§ Instructions to follow
Only the lines from the line containing "133, 313, 140]." to the end of the entries, both included, belong in your answer, and each must match exactly.

§ Input for this task
□ □ □
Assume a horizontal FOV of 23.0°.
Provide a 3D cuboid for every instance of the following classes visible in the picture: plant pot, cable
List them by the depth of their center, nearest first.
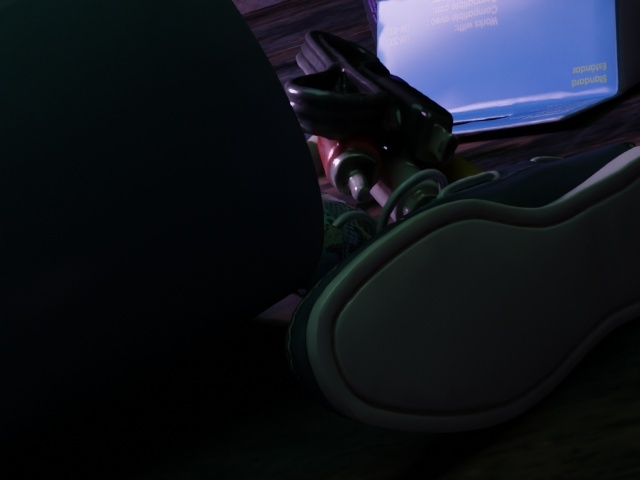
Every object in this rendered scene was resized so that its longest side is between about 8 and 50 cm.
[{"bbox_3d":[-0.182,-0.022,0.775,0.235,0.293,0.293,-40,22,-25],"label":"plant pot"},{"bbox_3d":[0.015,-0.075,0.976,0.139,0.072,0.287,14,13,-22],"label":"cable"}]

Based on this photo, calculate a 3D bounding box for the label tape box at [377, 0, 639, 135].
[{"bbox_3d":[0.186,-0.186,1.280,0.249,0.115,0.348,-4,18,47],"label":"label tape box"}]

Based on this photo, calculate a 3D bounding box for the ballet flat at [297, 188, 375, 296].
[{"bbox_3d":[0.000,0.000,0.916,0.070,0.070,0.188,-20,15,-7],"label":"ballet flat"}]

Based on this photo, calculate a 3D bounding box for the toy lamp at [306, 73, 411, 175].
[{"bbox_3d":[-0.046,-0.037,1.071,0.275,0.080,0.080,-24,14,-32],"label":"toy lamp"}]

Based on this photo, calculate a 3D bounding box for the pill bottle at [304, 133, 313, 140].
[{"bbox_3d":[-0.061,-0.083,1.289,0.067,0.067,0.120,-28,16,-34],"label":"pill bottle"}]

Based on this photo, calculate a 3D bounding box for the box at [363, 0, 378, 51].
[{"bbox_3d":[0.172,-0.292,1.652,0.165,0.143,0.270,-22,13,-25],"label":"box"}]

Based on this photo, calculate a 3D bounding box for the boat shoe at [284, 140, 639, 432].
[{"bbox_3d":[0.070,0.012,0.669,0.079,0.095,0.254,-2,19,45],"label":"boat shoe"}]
□ □ □
§ Exercise result
Based on this photo, calculate a 3D bounding box for the pill bottle at [304, 133, 313, 140].
[{"bbox_3d":[-0.061,-0.083,1.289,0.067,0.067,0.120,-28,16,-34],"label":"pill bottle"}]

Based on this photo, calculate a 3D bounding box for the box at [363, 0, 378, 51].
[{"bbox_3d":[0.172,-0.292,1.652,0.165,0.143,0.270,-22,13,-25],"label":"box"}]

Based on this photo, calculate a 3D bounding box for the boat shoe at [284, 140, 639, 432].
[{"bbox_3d":[0.070,0.012,0.669,0.079,0.095,0.254,-2,19,45],"label":"boat shoe"}]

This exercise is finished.